DE OORLOG IN DE LUCHT 'His duty done'
('zijn plicht
gedaan': opschrift op diverse grafstenen van geallieerde vliegers) Al vanaf het begin van de oorlog kwamen er Engelse
vliegtuigen over om doelen in Nederland en Duitsland te bombarderen. In
1942 namen de bombardementsvluchten naar het Duitse Rijk in hevigheid
toe. De Duitsers probeerden zoveel mogelijk geallieerde toestellen neer
te halen m.b.v. afweergeschut en nachtjagers.

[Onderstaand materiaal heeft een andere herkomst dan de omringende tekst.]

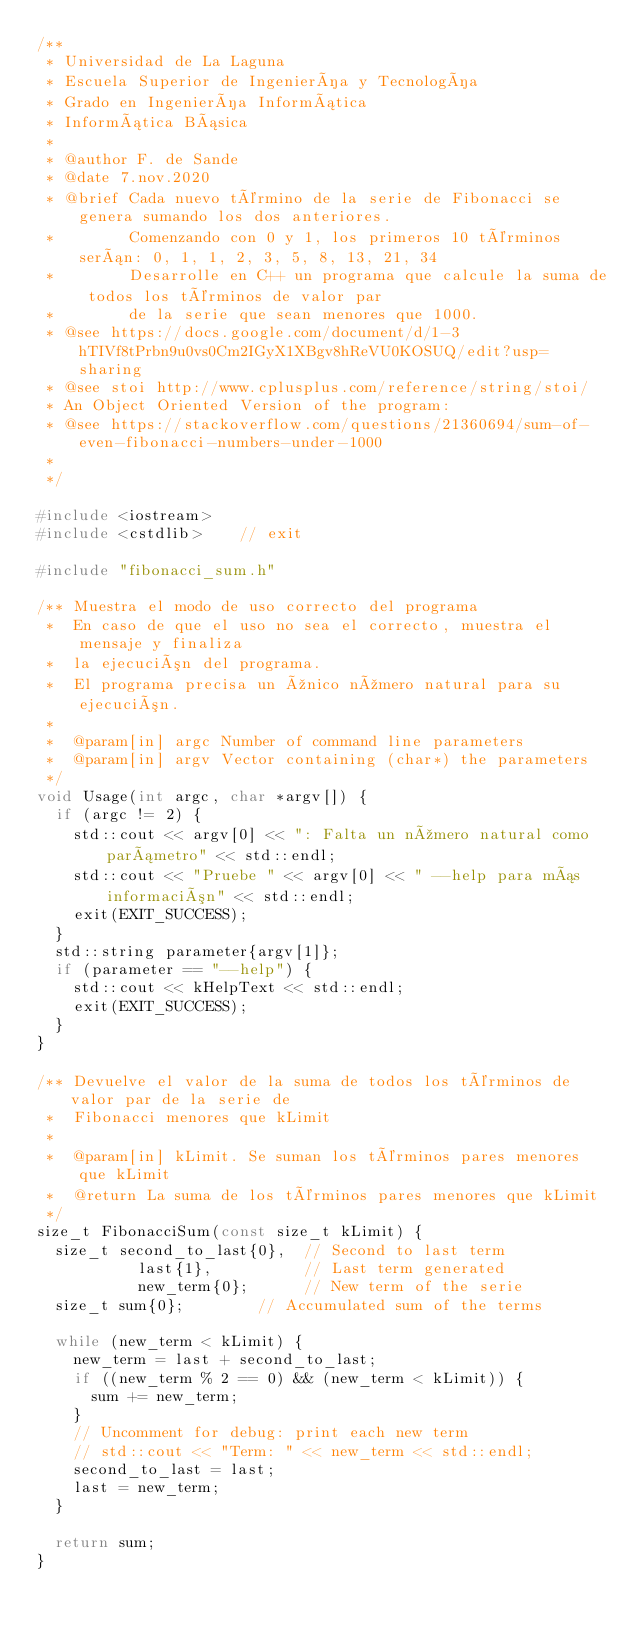Convert code to text. <code><loc_0><loc_0><loc_500><loc_500><_C++_>/**
 * Universidad de La Laguna
 * Escuela Superior de Ingeniería y Tecnología
 * Grado en Ingeniería Informática
 * Informática Básica
 *
 * @author F. de Sande
 * @date 7.nov.2020
 * @brief Cada nuevo término de la serie de Fibonacci se genera sumando los dos anteriores. 
 *        Comenzando con 0 y 1, los primeros 10 términos serán: 0, 1, 1, 2, 3, 5, 8, 13, 21, 34
 *        Desarrolle en C++ un programa que calcule la suma de todos los términos de valor par 
 *        de la serie que sean menores que 1000.
 * @see https://docs.google.com/document/d/1-3hTIVf8tPrbn9u0vs0Cm2IGyX1XBgv8hReVU0KOSUQ/edit?usp=sharing
 * @see stoi http://www.cplusplus.com/reference/string/stoi/
 * An Object Oriented Version of the program:
 * @see https://stackoverflow.com/questions/21360694/sum-of-even-fibonacci-numbers-under-1000
 *
 */

#include <iostream>
#include <cstdlib>    // exit

#include "fibonacci_sum.h"    

/** Muestra el modo de uso correcto del programa
 *  En caso de que el uso no sea el correcto, muestra el mensaje y finaliza
 *  la ejecución del programa.
 *  El programa precisa un único número natural para su ejecución.
 *
 *  @param[in] argc Number of command line parameters
 *  @param[in] argv Vector containing (char*) the parameters
 */
void Usage(int argc, char *argv[]) {
  if (argc != 2) {
    std::cout << argv[0] << ": Falta un número natural como parámetro" << std::endl;
    std::cout << "Pruebe " << argv[0] << " --help para más información" << std::endl;
    exit(EXIT_SUCCESS);
  }
  std::string parameter{argv[1]};
  if (parameter == "--help") {
    std::cout << kHelpText << std::endl;
    exit(EXIT_SUCCESS);
  }
}

/** Devuelve el valor de la suma de todos los términos de valor par de la serie de
 *  Fibonacci menores que kLimit
 *
 *  @param[in] kLimit. Se suman los términos pares menores que kLimit
 *  @return La suma de los términos pares menores que kLimit
 */
size_t FibonacciSum(const size_t kLimit) {
  size_t second_to_last{0},  // Second to last term
           last{1},          // Last term generated
           new_term{0};      // New term of the serie
  size_t sum{0};        // Accumulated sum of the terms

	while (new_term < kLimit) {
    new_term = last + second_to_last;
    if ((new_term % 2 == 0) && (new_term < kLimit)) {
      sum += new_term;
    }
    // Uncomment for debug: print each new term
    // std::cout << "Term: " << new_term << std::endl;
    second_to_last = last;
    last = new_term;
	}

  return sum;
}
</code>

Voor de Hindelopers betekende het gebrom van de
overkomende vliegtuigen een grote morele steun. Als ze echter hoorden
dat er dichtbij een toestel in moeilijkheden verkeerde, wachtten ze in
angstige spanning af hoe het nu weer zou aflopen. Enerzijds waren ze
bang dat het toestel op een huis terecht zou komen of zou ontploffen,
anderzijds waren ze erg begaan met het lot van de vliegtuigbemanning. In de omgeving van Hindeloopen zijn in totaal
dertien toestellen in het IJsselmeer gestort. Daarbij zijn meer dan 52
vliegers van de Engelse, Amerikaanse, Canadese, Australische en Duitse
luchtmacht omgekomen. Soms spoelden de lichamen van de piloten na
kortere of langere tijd aan (menig ouder verbood zijn kind om in het
IJsselmeer te zwemmen). Andere piloten worden tot op de dag van vandaag
vermist. Enkelen konden worden gered, maar slechts één piloot wist uit
Duitse handen te blijven. Op het kerkhof liggen thans nog elf Engelse,
Canadese en Australische geallieerde vliegers begraven. Wanneer er een vliegtuig in de buurt van Hindeloopen
in het IJsselmeer was gestort, voer de reddingboot C.A. den Tex uit om
te gaan zoeken. De reddingboot is helaas altijd onverrichterzake van een
zoektocht teruggekeerd. Soms vonden ze een plas olie op het water en wat
kleine wrakstukken. Aan boord van de C.A. den Tex waren steeds één of
twee E.H.B.O.-ers. De E.H.B.O.-ploeg, bestaande uit Willem Glashouwer,
Coen van Meekeren, Jan Zweed en Thones Zweed, zorgde er ook op het land
voor, dat de verongelukte vliegers werden geborgen. Vaak was
identificatie niet meer mogelijk. De onderduiker van de familie Thones
Zweed schrijft: Als er een vliegtuig in de buurt werd afgeschoten, ging
Thones erop af en haalde het lichaam of de lichamen op. De meest
gruwelijke verhalen vertelde hij ons, zodat we hem vroegen deze dingen
niet meer te vertellen. Van de in zee verdwenen vliegtuigen werden nog wel eens
onderdelen teruggevonden. Zo spoelde van het eerste gecrashte (Duitse)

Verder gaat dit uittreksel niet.